◆ **DATA SECTION**:
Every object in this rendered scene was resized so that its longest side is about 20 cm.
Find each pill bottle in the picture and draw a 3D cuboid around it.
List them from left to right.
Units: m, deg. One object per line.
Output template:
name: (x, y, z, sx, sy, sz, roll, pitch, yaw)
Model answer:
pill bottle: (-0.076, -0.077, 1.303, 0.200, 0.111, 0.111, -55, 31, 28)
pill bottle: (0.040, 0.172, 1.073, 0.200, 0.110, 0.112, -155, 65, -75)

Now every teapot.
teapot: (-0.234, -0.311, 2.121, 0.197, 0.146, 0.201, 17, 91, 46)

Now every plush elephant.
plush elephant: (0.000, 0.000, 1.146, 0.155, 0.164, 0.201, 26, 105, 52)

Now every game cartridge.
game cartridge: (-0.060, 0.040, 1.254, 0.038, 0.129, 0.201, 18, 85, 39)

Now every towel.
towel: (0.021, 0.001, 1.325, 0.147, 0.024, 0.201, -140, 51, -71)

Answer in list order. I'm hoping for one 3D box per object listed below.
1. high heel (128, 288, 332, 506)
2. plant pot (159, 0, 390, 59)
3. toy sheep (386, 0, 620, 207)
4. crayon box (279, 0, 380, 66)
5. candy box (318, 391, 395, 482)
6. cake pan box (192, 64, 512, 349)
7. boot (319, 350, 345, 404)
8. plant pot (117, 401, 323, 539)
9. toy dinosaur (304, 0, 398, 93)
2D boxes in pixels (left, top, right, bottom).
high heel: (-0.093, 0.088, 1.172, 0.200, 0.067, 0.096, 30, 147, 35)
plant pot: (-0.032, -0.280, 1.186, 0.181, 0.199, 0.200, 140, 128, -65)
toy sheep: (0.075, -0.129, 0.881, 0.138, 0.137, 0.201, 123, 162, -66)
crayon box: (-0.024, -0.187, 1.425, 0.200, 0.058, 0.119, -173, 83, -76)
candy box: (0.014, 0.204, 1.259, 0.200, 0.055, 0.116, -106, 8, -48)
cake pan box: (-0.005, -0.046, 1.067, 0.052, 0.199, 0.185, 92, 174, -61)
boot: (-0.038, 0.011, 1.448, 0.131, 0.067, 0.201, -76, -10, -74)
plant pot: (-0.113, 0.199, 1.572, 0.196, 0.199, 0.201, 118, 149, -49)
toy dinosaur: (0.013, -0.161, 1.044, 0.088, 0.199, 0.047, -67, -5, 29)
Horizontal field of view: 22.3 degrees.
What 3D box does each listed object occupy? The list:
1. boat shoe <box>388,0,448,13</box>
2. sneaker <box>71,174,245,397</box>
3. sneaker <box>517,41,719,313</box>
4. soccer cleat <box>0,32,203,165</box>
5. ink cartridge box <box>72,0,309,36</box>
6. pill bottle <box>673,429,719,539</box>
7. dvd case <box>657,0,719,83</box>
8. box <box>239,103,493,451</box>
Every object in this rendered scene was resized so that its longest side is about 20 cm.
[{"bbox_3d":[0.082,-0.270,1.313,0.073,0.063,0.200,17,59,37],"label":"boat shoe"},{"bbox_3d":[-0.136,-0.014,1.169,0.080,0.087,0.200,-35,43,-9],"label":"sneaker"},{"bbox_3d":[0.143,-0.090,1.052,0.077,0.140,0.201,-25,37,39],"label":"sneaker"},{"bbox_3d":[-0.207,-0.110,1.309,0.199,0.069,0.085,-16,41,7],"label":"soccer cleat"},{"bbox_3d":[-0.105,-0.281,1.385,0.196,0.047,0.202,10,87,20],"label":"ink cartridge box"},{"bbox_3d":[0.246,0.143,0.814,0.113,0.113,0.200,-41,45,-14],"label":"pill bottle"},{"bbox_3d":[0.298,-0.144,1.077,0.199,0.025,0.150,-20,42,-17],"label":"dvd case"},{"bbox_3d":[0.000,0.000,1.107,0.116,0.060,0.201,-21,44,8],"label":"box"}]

◆ **WORK ITEM**: Extract from the material all lines containing the string "each".

◆ **TASK RESPONSE**:
Find each pill bottle in the picture and draw a 3D cuboid around it.
What 3D box does each listed object occupy? The list:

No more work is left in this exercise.